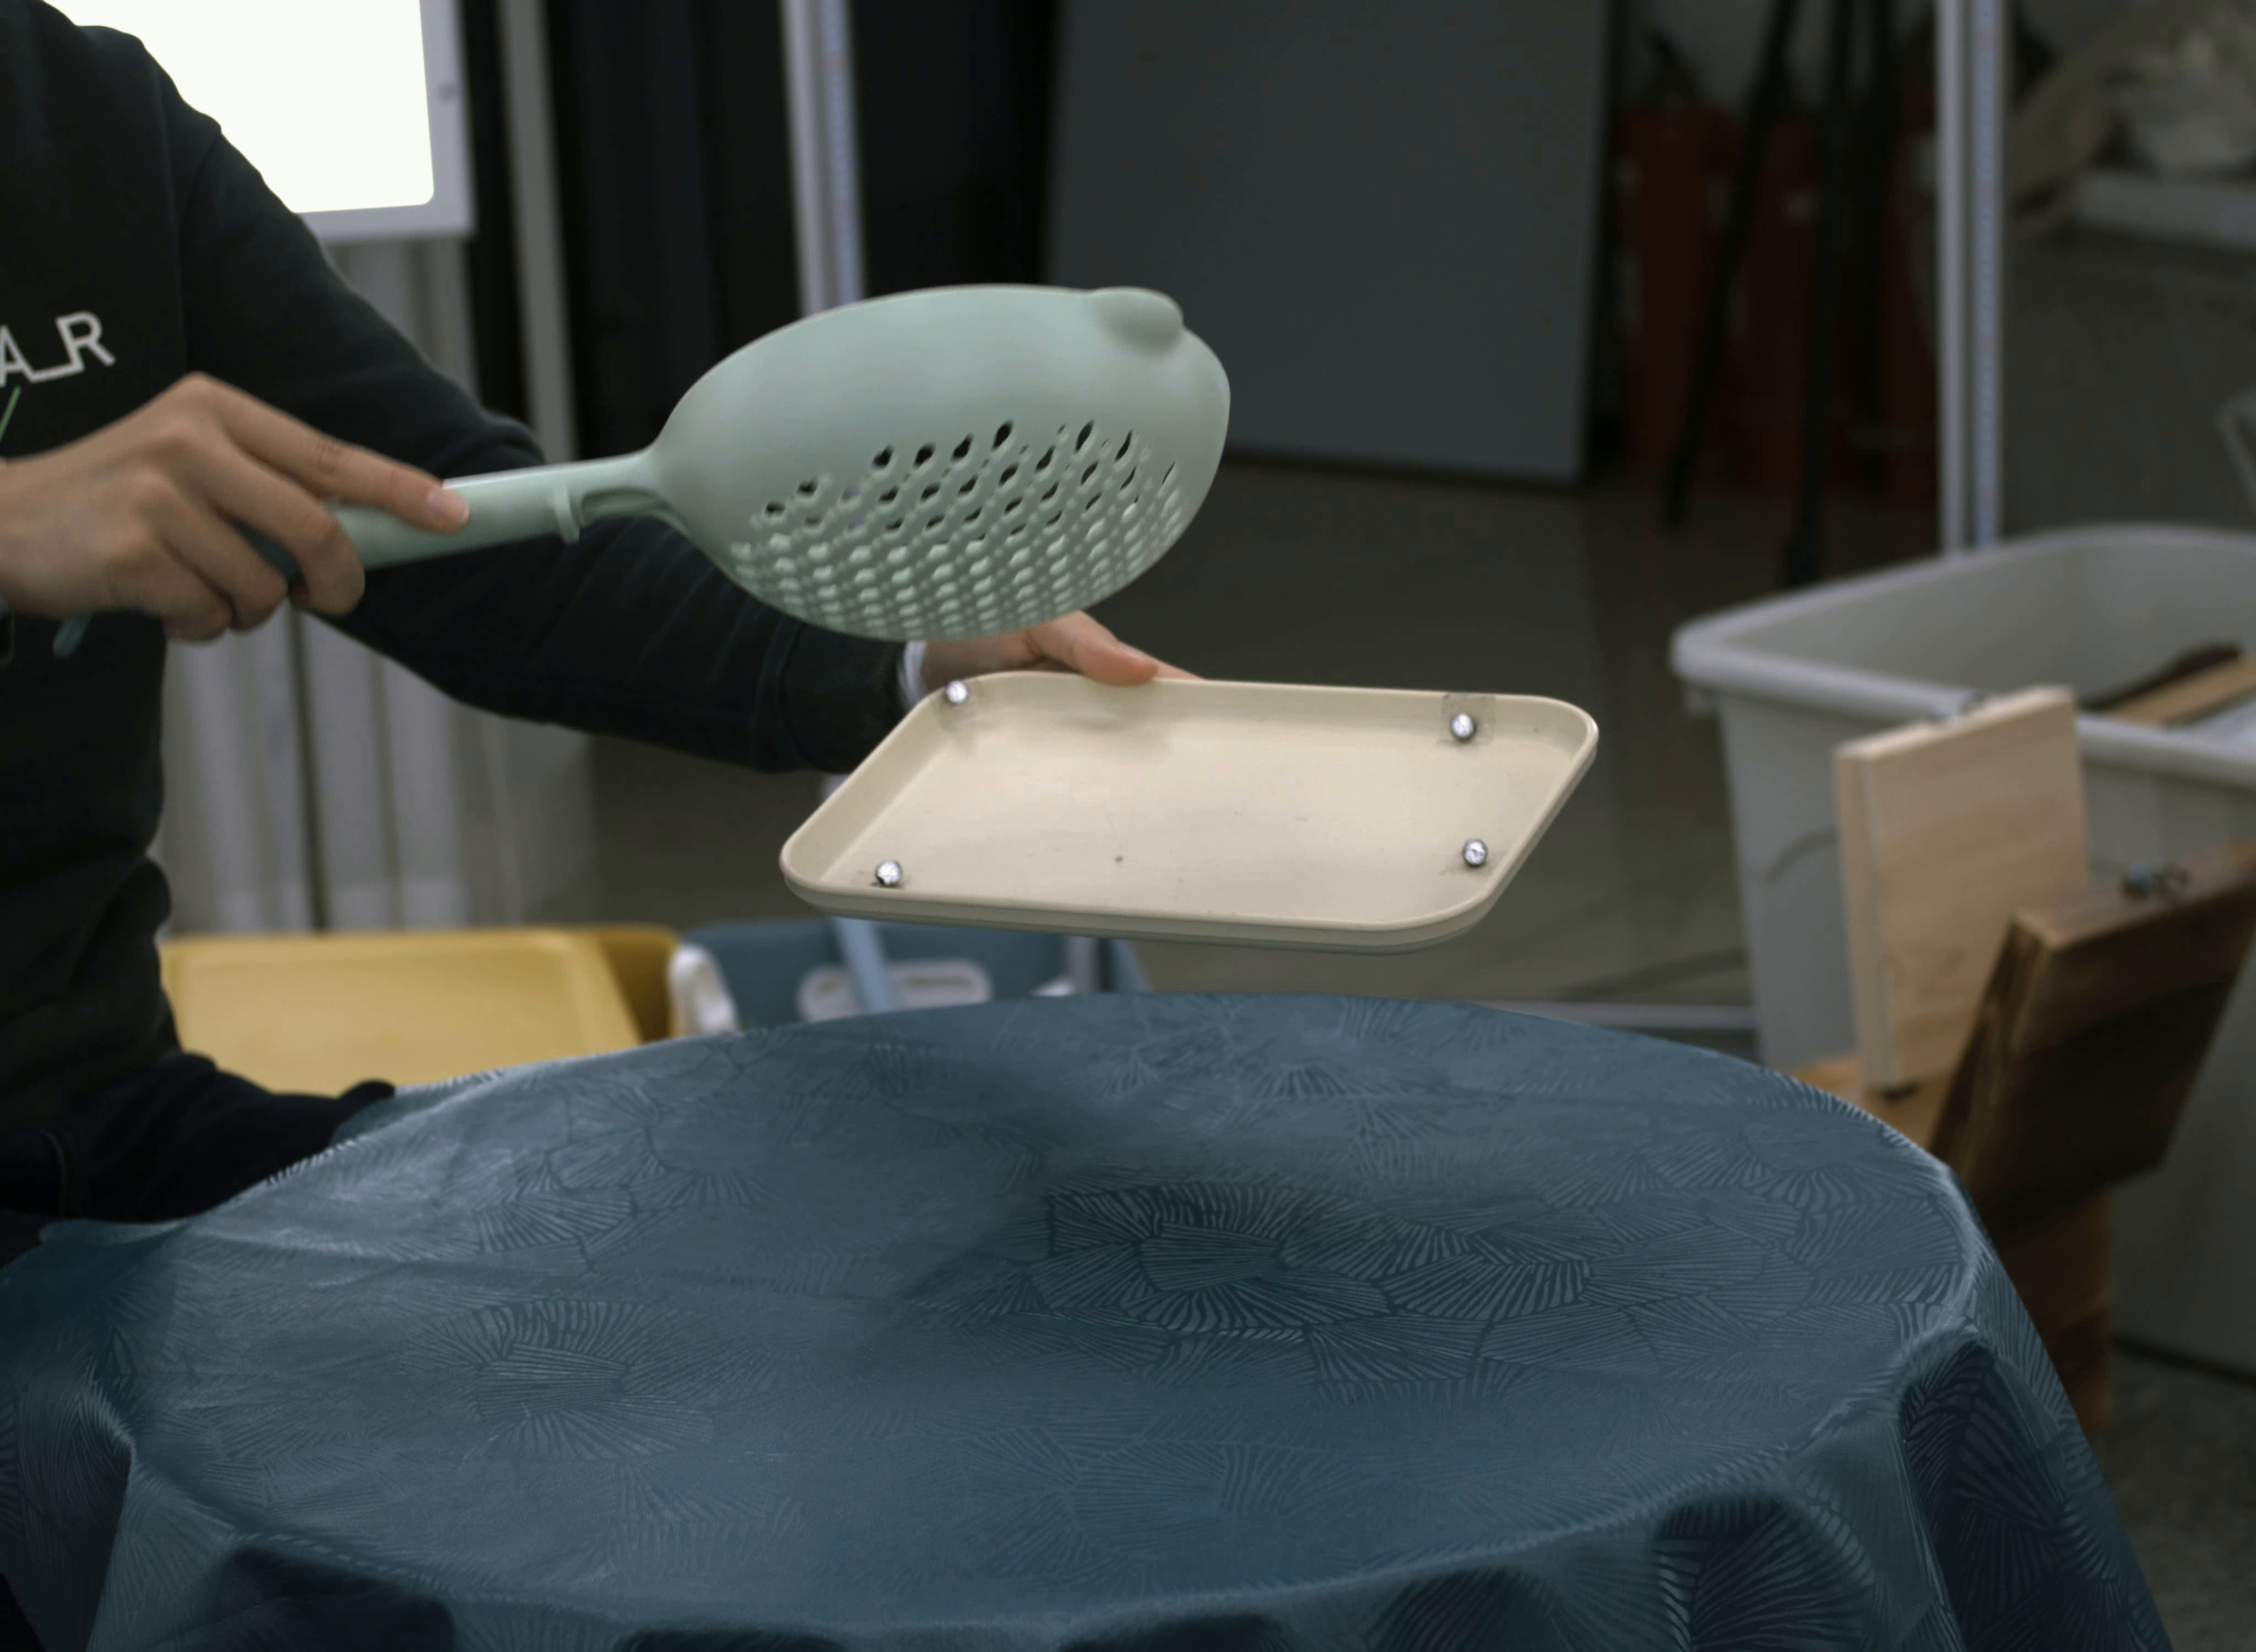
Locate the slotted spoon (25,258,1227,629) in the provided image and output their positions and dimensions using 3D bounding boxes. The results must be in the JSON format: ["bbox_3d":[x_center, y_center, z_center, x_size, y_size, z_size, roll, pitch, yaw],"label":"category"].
[{"bbox_3d":[-0.147,-0.098,1.601,0.355,0.076,0.169,-1,-25,3],"label":"slotted spoon"}]

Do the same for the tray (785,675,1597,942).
[{"bbox_3d":[0.021,-0.006,1.717,0.240,0.017,0.170,2,26,23],"label":"tray"}]
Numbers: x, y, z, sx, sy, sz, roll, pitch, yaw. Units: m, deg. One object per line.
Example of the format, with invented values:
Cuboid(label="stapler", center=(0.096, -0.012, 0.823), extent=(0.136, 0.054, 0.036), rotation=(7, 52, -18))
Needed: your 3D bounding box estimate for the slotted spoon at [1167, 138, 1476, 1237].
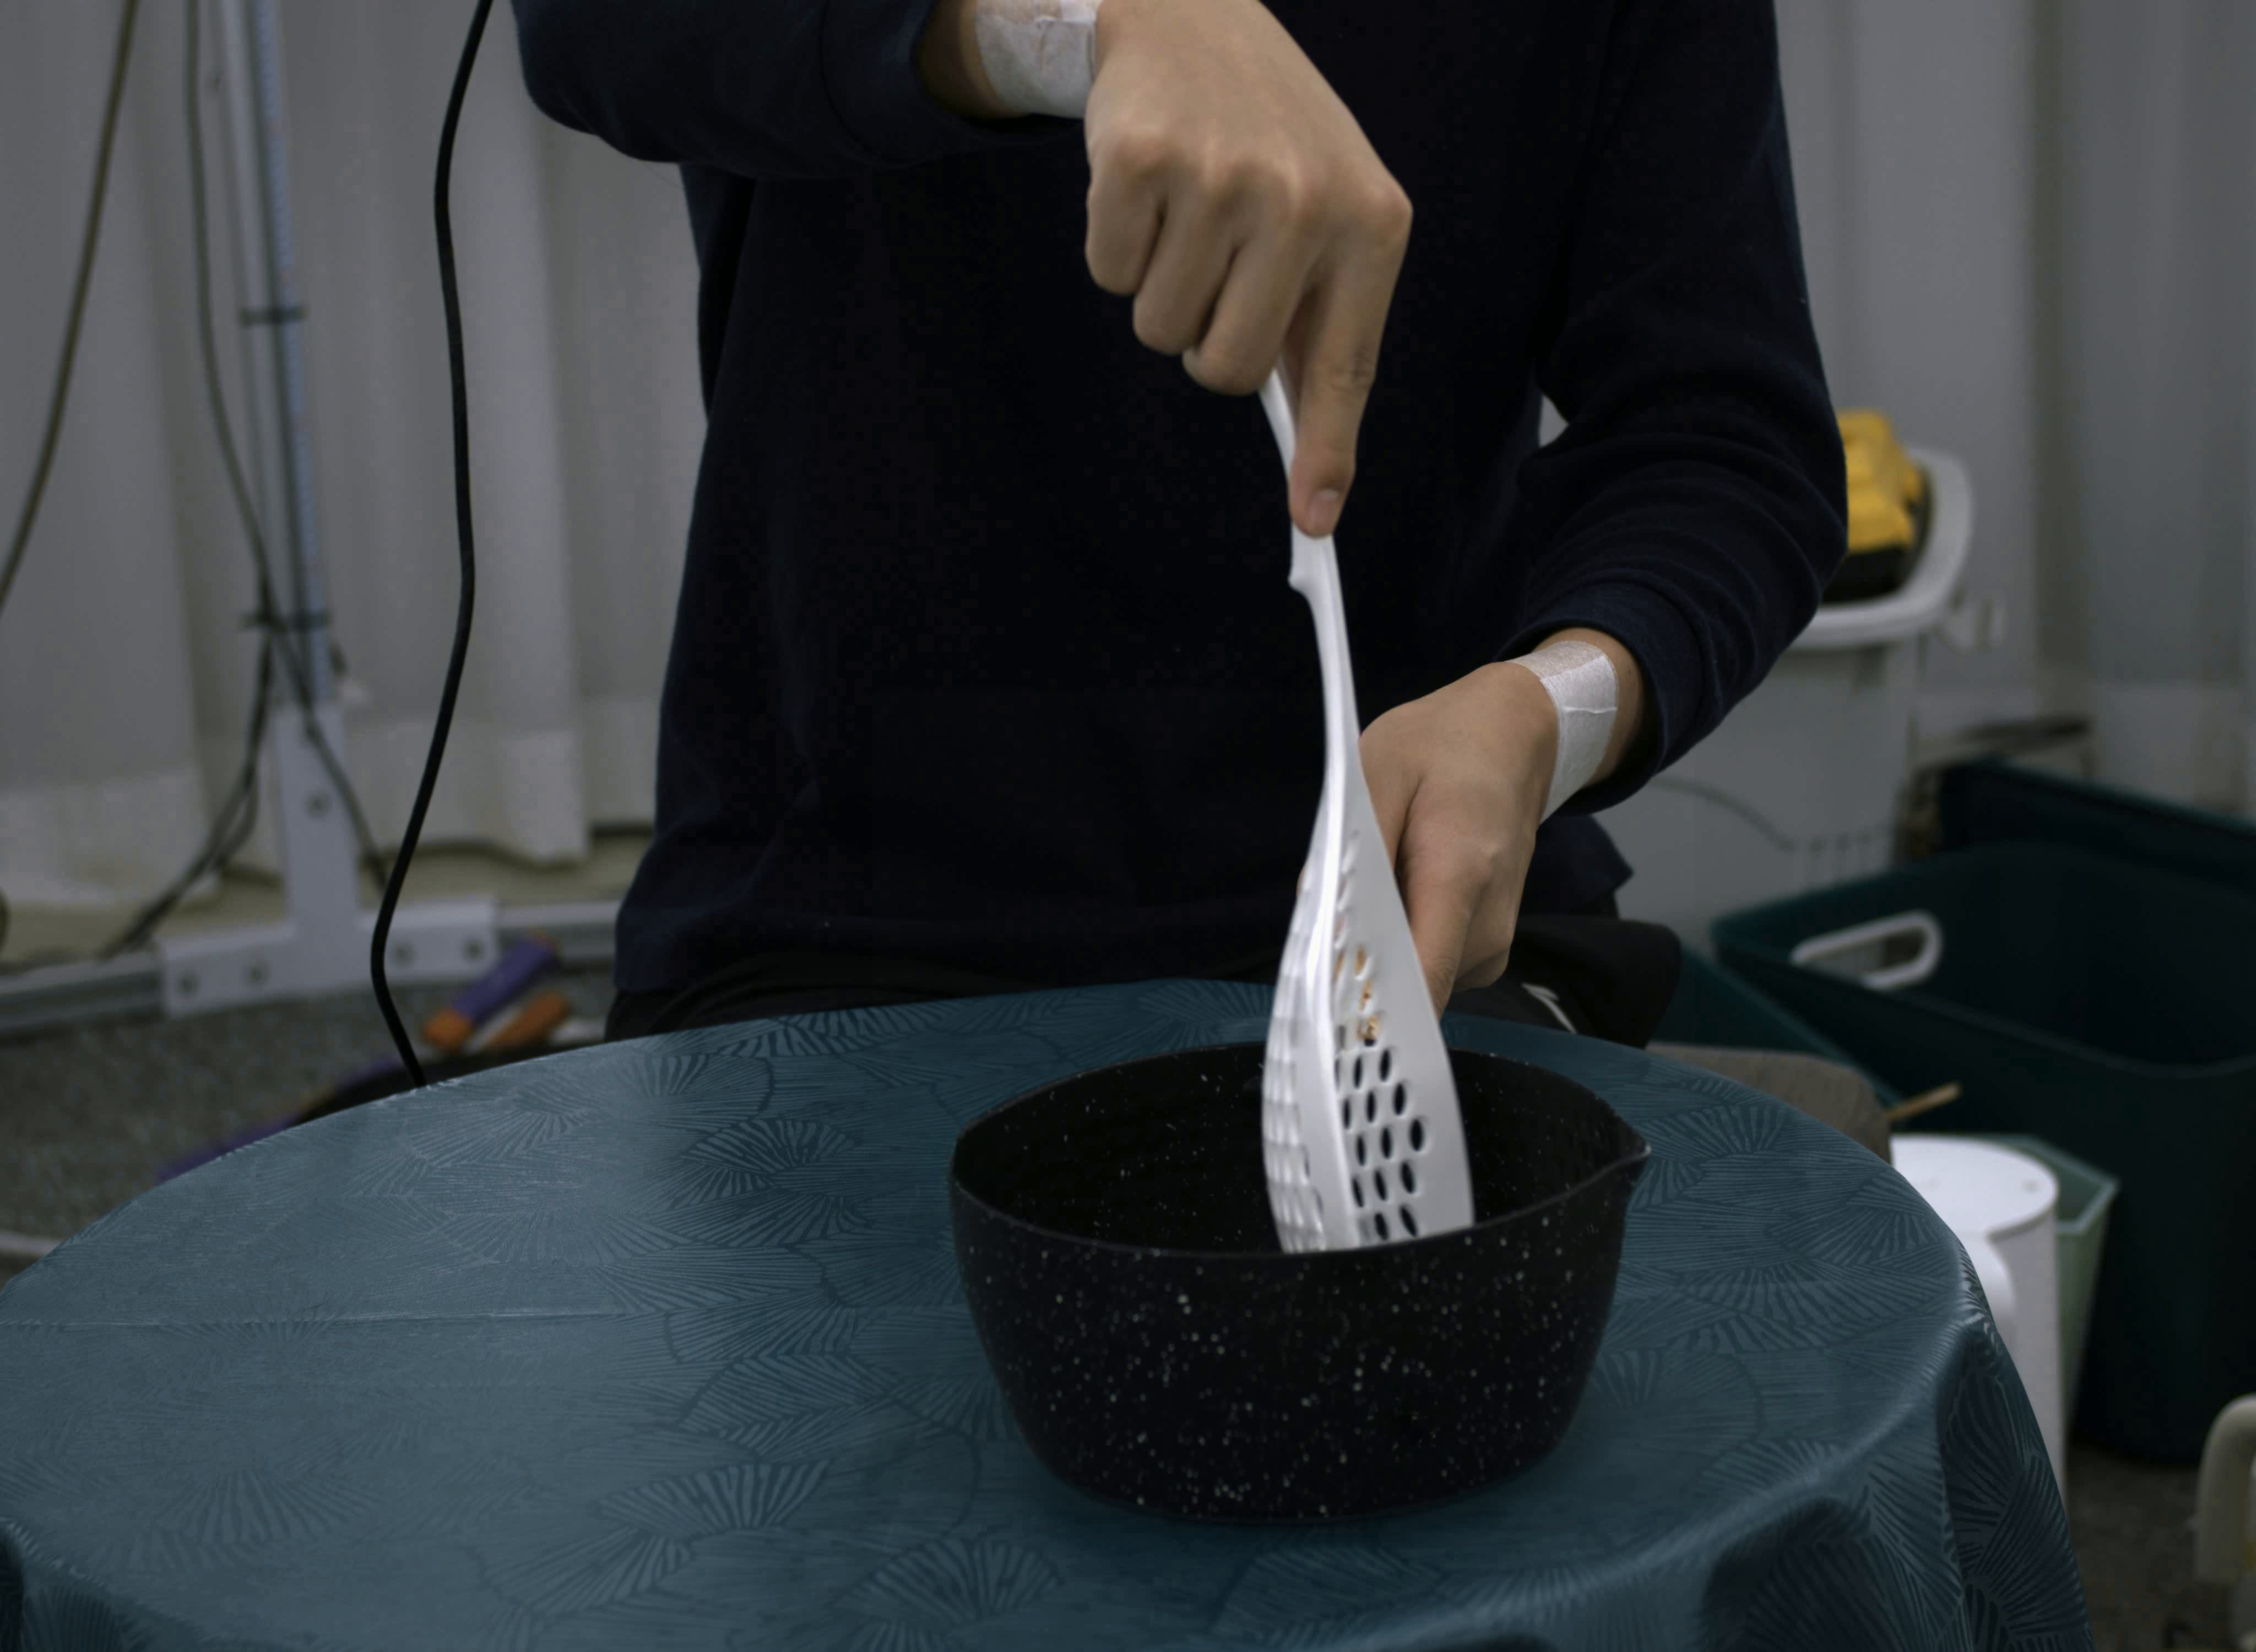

========================

Keep out the pictures, and copy exactly the lines from the one that contains "rotation=(7, 52, -18))" through the final line of the records above, both ends included.

Cuboid(label="stapler", center=(0.096, -0.012, 0.823), extent=(0.136, 0.054, 0.036), rotation=(7, 52, -18))
Needed: your 3D bounding box estimate for the slotted spoon at [1167, 138, 1476, 1237].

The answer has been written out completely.